The issue is the extent to which Calvin may be, should be, regarded as a severe persecutor of heretics (and in particular how far he was responsible for the death by burning of Michael Servetus in 1553).

My critic quotes passages in Calvin's writings in which he rejoices gleefully in Servetus' death and takes personal credit for it. I don't dispute that there are ugly passages in Calvin's writings. From the point of view of the 21st century, it's hard to find a 16th century theologian in whose writings there are not ugly bits.

My argument is a) that Geneva was a relatively bloodless place in 16C Europe; b) that Servetus fled there after having already been condemned by a Roman Catholic court; c) that he was put to death by the secular authorities, and not by Calvin; and d) that Calvin intervened to request his sentence be commuted from death by burning to execution by the sword.

All this I stand by. Did Calvin believe heretics should be killed? Yes. Did he rejoice in the death of Servetus? Yes. Did he take pride in his own part in that process? Yes. Does this make him a villain? Not by the standards of the day. On the basis of their collusion in, even support for, the death of heretics by burning, you can't condemn Calvin as a bigot and then honour Elizabeth I, say, as 'Good Queen Bess'.

My stance is, that Calvin's theology is altogether more life-affirming, world-affirming and true to the grace of God than the contemporary caricature suggests, and I think the 500th anniversary of his birth is a date worth celebrating.

So, happy birthday John!

Sunday, July 5, 2009

The Lichfield Mysteries


Choral Evensong at Lichfield Cathedral last night turned into an impromptu 'son et lumiere'. It wasn't planned -- but from my point of view it was dramatic and pleasing. The choir was in good voice, and sang the service to Tudor settings. The 'sound' bit of the 'sound and light show' was, then, entirely as expected. The 'light' was provided by a technician, experimenting with special effects on some rigging temporarily installed in the Nave. Thus, as the choir sang the Magnificat, the ceiling of the west end, usually white, turned blue, then red, then gold, back to blue, then red, then gold, and so on. A bit more co-ordination with the music, and we may have stumbled upon a new and exciting development in the English Cathedral Choral tradition.

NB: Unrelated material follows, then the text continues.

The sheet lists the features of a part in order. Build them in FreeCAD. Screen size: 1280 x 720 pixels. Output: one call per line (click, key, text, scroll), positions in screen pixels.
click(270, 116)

This, you see, is the weekend of the Lichfield Mysteries. It's an extraordinary triennial event, with a claim to being the biggest piece of amateur dramatics in the country.

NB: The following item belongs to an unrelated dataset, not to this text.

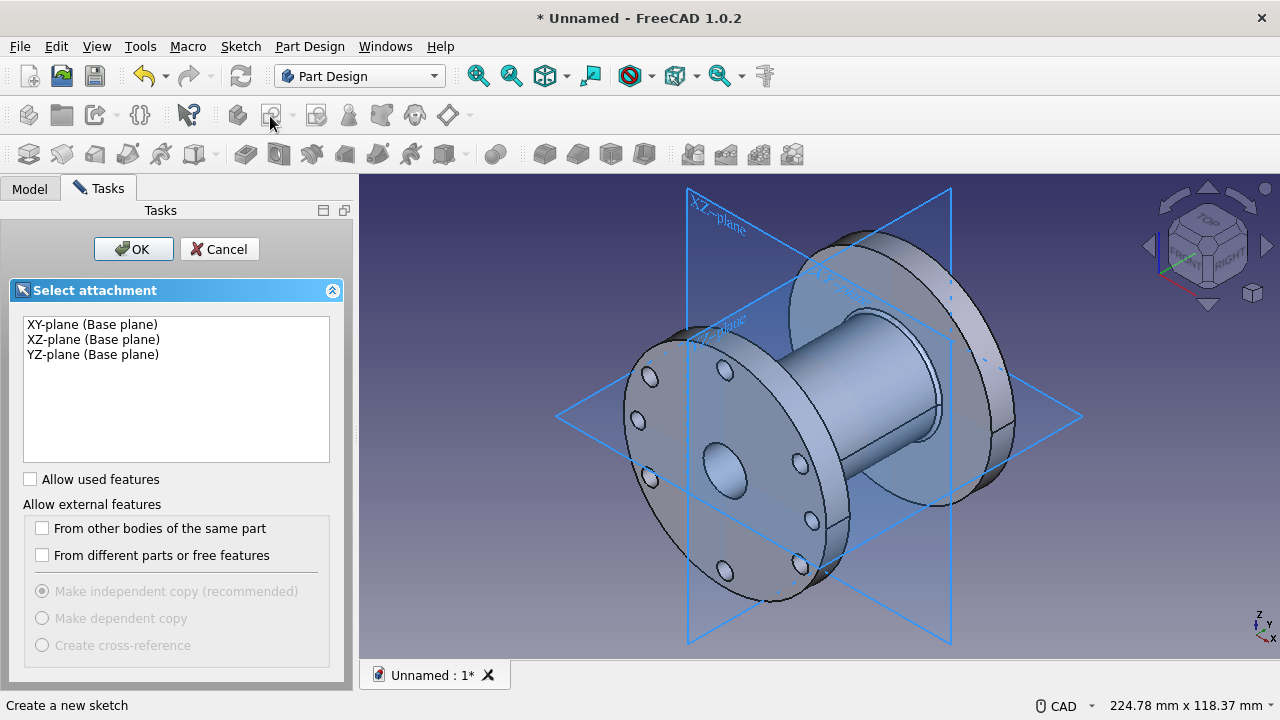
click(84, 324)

Mystery play cycles are a fabulous part of our heritage, dating back to the high middle ages. (I found myself wondering if the Tudor musicians who had composed the settings the choir sang last night ever performed in mystery plays, or wrote music for them.) Fragments of the original Lichfield Cycle survive in manuscripts dating back to the fifteenth century -- though the modern version has in fact only been going for 15 years.

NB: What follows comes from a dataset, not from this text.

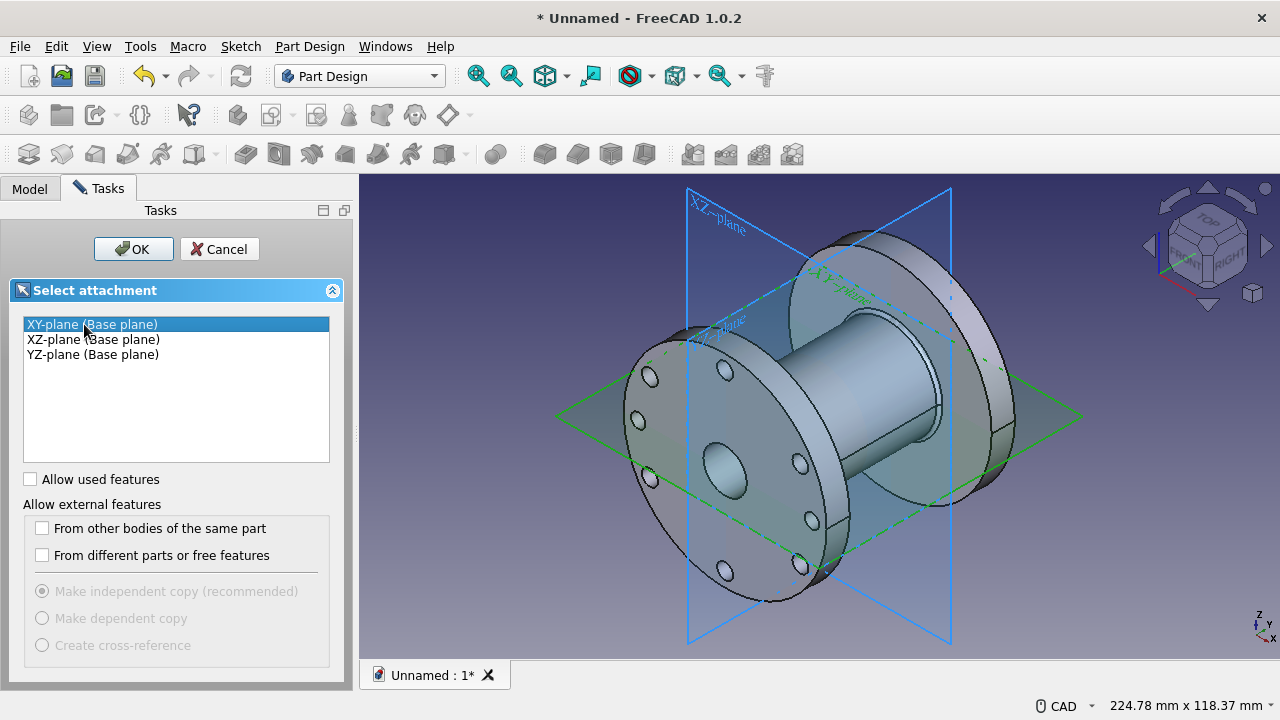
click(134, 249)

A typical cycle (and our cycle is typical) attempts to trace the whole sweep of the Bible story from Creation to 'Doomsday'. This year's performance comprises 24 plays, including 'the killing of Abel' and 'Noah's Flood', 'Joseph's Doubt' and 'the Dream of Pilate's Wife', 'the Harrowing of Hell' and 'the Resurrection'. The sequence involves some performances of near professional quality (including some stunning choreography and costumes), with some pantomime moments and the kind of hiccups generally associated with amateur dramatics. But the event is breath-taking in its scope and ambition and should be much more widely celebrated than it is. It's good to think that these stories, about Abraham or the Exodus, the Prophets or the Nativity (and the values they cultivate, and the faith they imply), are still part of the public imagination.

If you want an epic today, forget the four hour 'marathon' that was Federer versus Roddick (terrific as that was: a historic achievement eclipsing a heroic effort). For a true epic, take in the six hours (24 plays x 15 minutes) of the Lichfield Mysteries. After all, Wimbledon comes round every year, but for this you have to wait until 2012.